▸ Required action
An identical copy of the data below is needed.

[Extracted data entries]
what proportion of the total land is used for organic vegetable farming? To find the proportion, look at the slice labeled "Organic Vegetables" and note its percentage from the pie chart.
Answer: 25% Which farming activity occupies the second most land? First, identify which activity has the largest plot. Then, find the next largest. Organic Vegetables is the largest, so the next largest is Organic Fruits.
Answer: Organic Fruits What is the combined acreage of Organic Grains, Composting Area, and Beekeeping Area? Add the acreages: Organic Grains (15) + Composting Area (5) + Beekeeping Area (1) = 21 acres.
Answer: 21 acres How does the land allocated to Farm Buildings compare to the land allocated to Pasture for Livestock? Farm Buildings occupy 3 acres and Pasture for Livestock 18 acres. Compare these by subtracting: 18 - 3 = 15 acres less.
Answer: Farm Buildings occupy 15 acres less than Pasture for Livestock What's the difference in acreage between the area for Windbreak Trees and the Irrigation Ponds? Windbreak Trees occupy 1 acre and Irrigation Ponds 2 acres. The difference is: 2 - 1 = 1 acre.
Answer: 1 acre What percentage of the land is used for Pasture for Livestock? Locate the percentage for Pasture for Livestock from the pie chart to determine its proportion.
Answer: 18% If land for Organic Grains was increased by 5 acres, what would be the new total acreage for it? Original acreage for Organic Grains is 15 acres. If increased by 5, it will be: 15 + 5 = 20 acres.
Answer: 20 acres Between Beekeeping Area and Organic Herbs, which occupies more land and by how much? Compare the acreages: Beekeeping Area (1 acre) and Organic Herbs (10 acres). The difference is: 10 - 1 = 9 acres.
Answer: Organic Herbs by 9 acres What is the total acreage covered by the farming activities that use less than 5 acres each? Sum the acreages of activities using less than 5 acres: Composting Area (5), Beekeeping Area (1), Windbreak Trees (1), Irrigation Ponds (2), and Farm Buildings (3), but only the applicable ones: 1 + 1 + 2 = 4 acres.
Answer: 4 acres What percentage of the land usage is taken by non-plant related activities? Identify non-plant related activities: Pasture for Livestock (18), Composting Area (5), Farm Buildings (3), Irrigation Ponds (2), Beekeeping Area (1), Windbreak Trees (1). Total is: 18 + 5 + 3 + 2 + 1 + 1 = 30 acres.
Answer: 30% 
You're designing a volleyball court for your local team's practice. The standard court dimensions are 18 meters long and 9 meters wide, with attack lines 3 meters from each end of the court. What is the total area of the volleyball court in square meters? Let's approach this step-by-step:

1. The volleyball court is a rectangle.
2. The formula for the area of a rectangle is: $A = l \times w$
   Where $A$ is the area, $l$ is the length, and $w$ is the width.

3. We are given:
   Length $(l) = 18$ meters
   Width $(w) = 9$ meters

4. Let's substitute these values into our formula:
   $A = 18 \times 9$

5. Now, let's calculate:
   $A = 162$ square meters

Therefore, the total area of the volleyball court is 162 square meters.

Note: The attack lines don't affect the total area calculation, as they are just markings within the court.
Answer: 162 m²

▸ Response below
what proportion of the total land is used for organic vegetable farming? To find the proportion, look at the slice labeled "Organic Vegetables" and note its percentage from the pie chart.
Answer: 25% Which farming activity occupies the second most land? First, identify which activity has the largest plot. Then, find the next largest. Organic Vegetables is the largest, so the next largest is Organic Fruits.
Answer: Organic Fruits What is the combined acreage of Organic Grains, Composting Area, and Beekeeping Area? Add the acreages: Organic Grains (15) + Composting Area (5) + Beekeeping Area (1) = 21 acres.
Answer: 21 acres How does the land allocated to Farm Buildings compare to the land allocated to Pasture for Livestock? Farm Buildings occupy 3 acres and Pasture for Livestock 18 acres. Compare these by subtracting: 18 - 3 = 15 acres less.
Answer: Farm Buildings occupy 15 acres less than Pasture for Livestock What's the difference in acreage between the area for Windbreak Trees and the Irrigation Ponds? Windbreak Trees occupy 1 acre and Irrigation Ponds 2 acres. The difference is: 2 - 1 = 1 acre.
Answer: 1 acre What percentage of the land is used for Pasture for Livestock? Locate the percentage for Pasture for Livestock from the pie chart to determine its proportion.
Answer: 18% If land for Organic Grains was increased by 5 acres, what would be the new total acreage for it? Original acreage for Organic Grains is 15 acres. If increased by 5, it will be: 15 + 5 = 20 acres.
Answer: 20 acres Between Beekeeping Area and Organic Herbs, which occupies more land and by how much? Compare the acreages: Beekeeping Area (1 acre) and Organic Herbs (10 acres). The difference is: 10 - 1 = 9 acres.
Answer: Organic Herbs by 9 acres What is the total acreage covered by the farming activities that use less than 5 acres each? Sum the acreages of activities using less than 5 acres: Composting Area (5), Beekeeping Area (1), Windbreak Trees (1), Irrigation Ponds (2), and Farm Buildings (3), but only the applicable ones: 1 + 1 + 2 = 4 acres.
Answer: 4 acres What percentage of the land usage is taken by non-plant related activities? Identify non-plant related activities: Pasture for Livestock (18), Composting Area (5), Farm Buildings (3), Irrigation Ponds (2), Beekeeping Area (1), Windbreak Trees (1). Total is: 18 + 5 + 3 + 2 + 1 + 1 = 30 acres.
Answer: 30% 
You're designing a volleyball court for your local team's practice. The standard court dimensions are 18 meters long and 9 meters wide, with attack lines 3 meters from each end of the court. What is the total area of the volleyball court in square meters? Let's approach this step-by-step:

1. The volleyball court is a rectangle.
2. The formula for the area of a rectangle is: $A = l \times w$
   Where $A$ is the area, $l$ is the length, and $w$ is the width.

3. We are given:
   Length $(l) = 18$ meters
   Width $(w) = 9$ meters

4. Let's substitute these values into our formula:
   $A = 18 \times 9$

5. Now, let's calculate:
   $A = 162$ square meters

Therefore, the total area of the volleyball court is 162 square meters.

Note: The attack lines don't affect the total area calculation, as they are just markings within the court.
Answer: 162 m²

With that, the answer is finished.